RECORD EXCERPTS:

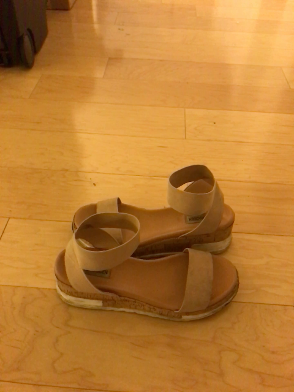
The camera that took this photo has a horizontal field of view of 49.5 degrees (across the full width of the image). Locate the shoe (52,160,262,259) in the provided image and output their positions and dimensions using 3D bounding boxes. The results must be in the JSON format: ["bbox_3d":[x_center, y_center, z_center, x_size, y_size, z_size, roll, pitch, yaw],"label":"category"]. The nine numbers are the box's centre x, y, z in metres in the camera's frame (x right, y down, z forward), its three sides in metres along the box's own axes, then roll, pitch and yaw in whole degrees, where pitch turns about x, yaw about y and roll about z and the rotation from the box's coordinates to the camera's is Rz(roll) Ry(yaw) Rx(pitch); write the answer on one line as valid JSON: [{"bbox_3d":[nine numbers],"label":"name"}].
[{"bbox_3d":[0.012,0.021,0.483,0.270,0.109,0.101,0,48,-3],"label":"shoe"}]

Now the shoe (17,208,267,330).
[{"bbox_3d":[-0.005,0.096,0.413,0.270,0.109,0.091,5,48,1],"label":"shoe"}]
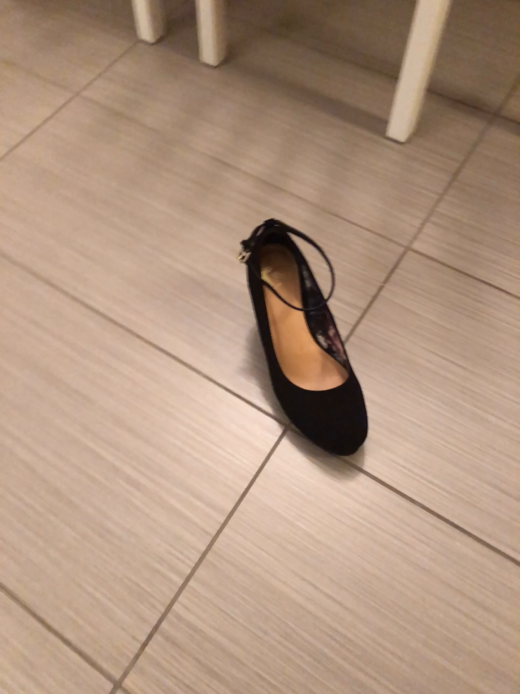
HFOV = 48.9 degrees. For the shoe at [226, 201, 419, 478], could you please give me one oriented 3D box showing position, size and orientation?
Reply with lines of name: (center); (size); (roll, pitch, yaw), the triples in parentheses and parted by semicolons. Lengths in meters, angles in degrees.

PROBLEM: All of the material above needs to be restated exactly, with no pictures.

EXPECTED OUTPUT:
The camera that took this photo has a horizontal field of view of 49.5 degrees (across the full width of the image). Locate the shoe (52,160,262,259) in the provided image and output their positions and dimensions using 3D bounding boxes. The results must be in the JSON format: ["bbox_3d":[x_center, y_center, z_center, x_size, y_size, z_size, roll, pitch, yaw],"label":"category"]. The nine numbers are the box's centre x, y, z in metres in the camera's frame (x right, y down, z forward), its three sides in metres along the box's own axes, then roll, pitch and yaw in whole degrees, where pitch turns about x, yaw about y and roll about z and the rotation from the box's coordinates to the camera's is Rz(roll) Ry(yaw) Rx(pitch); write the answer on one line as valid JSON: [{"bbox_3d":[nine numbers],"label":"name"}].
[{"bbox_3d":[0.012,0.021,0.483,0.270,0.109,0.101,0,48,-3],"label":"shoe"}]

Now the shoe (17,208,267,330).
[{"bbox_3d":[-0.005,0.096,0.413,0.270,0.109,0.091,5,48,1],"label":"shoe"}]
HFOV = 48.9 degrees. For the shoe at [226, 201, 419, 478], could you please give me one oriented 3D box showing position, size and orientation?
Reply with lines of name: (center); (size); (roll, pitch, yaw), the triples in parentheses and parted by semicolons. Lengths in meters, angles in degrees.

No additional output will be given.